[What to do]
The reply should hold only the lines from the one with "Quick response, please. No." through the end of the data, each given exactly.

[Data supplied]
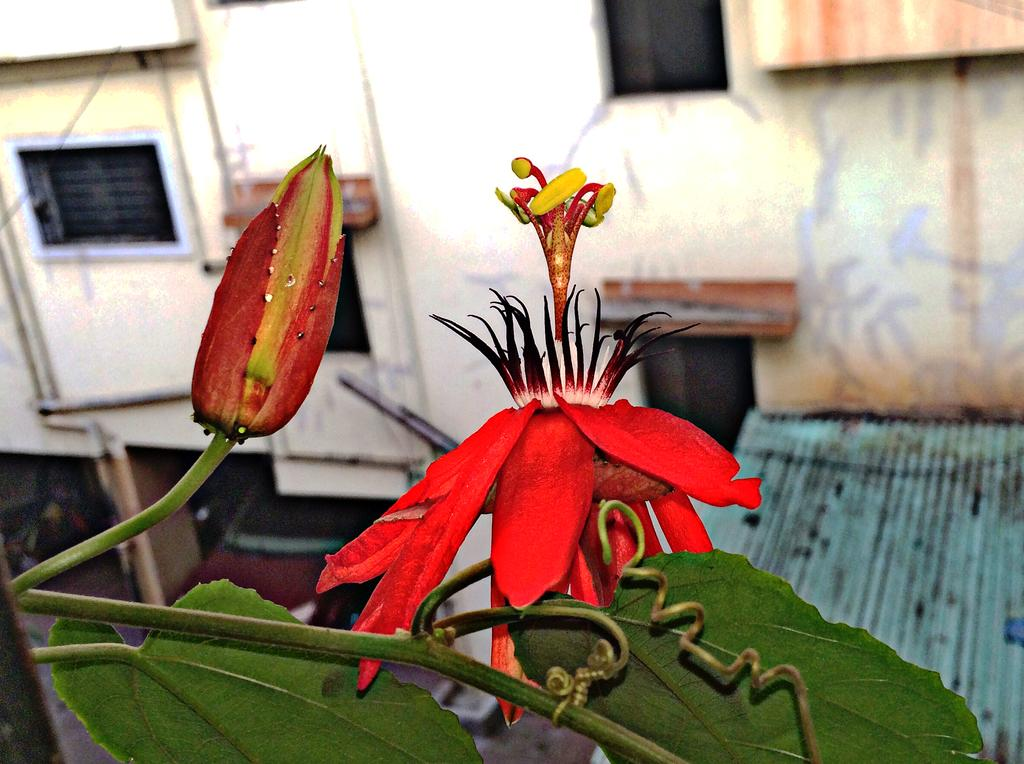What type of plant is visible on the left side of the image? There is a flower bud on the left side of the image. What color is the flower on the right side of the image? There is a red color flower on the right side of the image. What type of structure can be seen in the image? There is a building in the image. What type of bun is being sold at the market in the image? There is no market or bun present in the image; it features a flower bud, a red flower, and a building. 
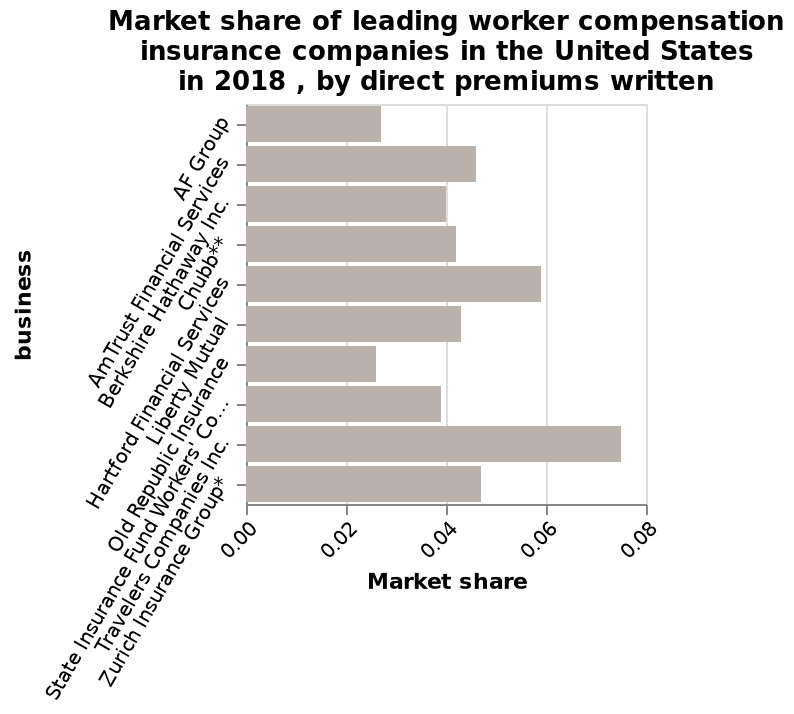<image>
What year does the market share data in the bar diagram represent? The market share data in the bar diagram represents the year 2018. Who has the smallest market share according to the chart? AF group. please enumerates aspects of the construction of the chart Market share of leading worker compensation insurance companies in the United States in 2018 , by direct premiums written is a bar diagram. business is drawn along the y-axis. There is a linear scale of range 0.00 to 0.08 on the x-axis, labeled Market share. 
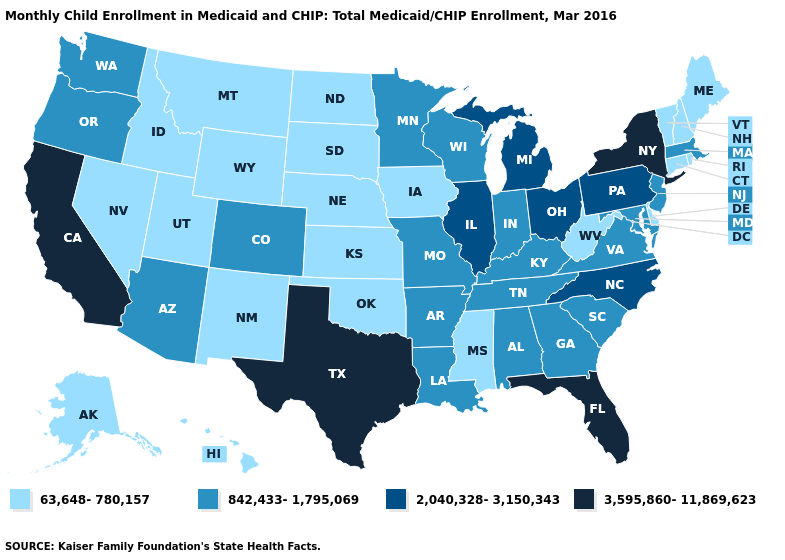What is the highest value in the MidWest ?
Short answer required. 2,040,328-3,150,343. Does Connecticut have a lower value than Pennsylvania?
Concise answer only. Yes. Name the states that have a value in the range 2,040,328-3,150,343?
Short answer required. Illinois, Michigan, North Carolina, Ohio, Pennsylvania. Does Oklahoma have the lowest value in the South?
Answer briefly. Yes. Does Illinois have a lower value than West Virginia?
Quick response, please. No. Does Florida have the same value as Kentucky?
Keep it brief. No. What is the lowest value in the USA?
Concise answer only. 63,648-780,157. Which states hav the highest value in the West?
Be succinct. California. Does Alabama have a lower value than Nevada?
Keep it brief. No. What is the value of Missouri?
Quick response, please. 842,433-1,795,069. Name the states that have a value in the range 3,595,860-11,869,623?
Answer briefly. California, Florida, New York, Texas. Name the states that have a value in the range 63,648-780,157?
Write a very short answer. Alaska, Connecticut, Delaware, Hawaii, Idaho, Iowa, Kansas, Maine, Mississippi, Montana, Nebraska, Nevada, New Hampshire, New Mexico, North Dakota, Oklahoma, Rhode Island, South Dakota, Utah, Vermont, West Virginia, Wyoming. What is the value of Maine?
Quick response, please. 63,648-780,157.

[Written solution]
Quick response, please. No. Does Florida have the same value as Kentucky?
Keep it brief. No. What is the lowest value in the USA?
Concise answer only. 63,648-780,157. Which states hav the highest value in the West?
Be succinct. California. Does Alabama have a lower value than Nevada?
Keep it brief. No. What is the value of Missouri?
Quick response, please. 842,433-1,795,069. Name the states that have a value in the range 3,595,860-11,869,623?
Answer briefly. California, Florida, New York, Texas. Name the states that have a value in the range 63,648-780,157?
Write a very short answer. Alaska, Connecticut, Delaware, Hawaii, Idaho, Iowa, Kansas, Maine, Mississippi, Montana, Nebraska, Nevada, New Hampshire, New Mexico, North Dakota, Oklahoma, Rhode Island, South Dakota, Utah, Vermont, West Virginia, Wyoming. What is the value of Maine?
Quick response, please. 63,648-780,157.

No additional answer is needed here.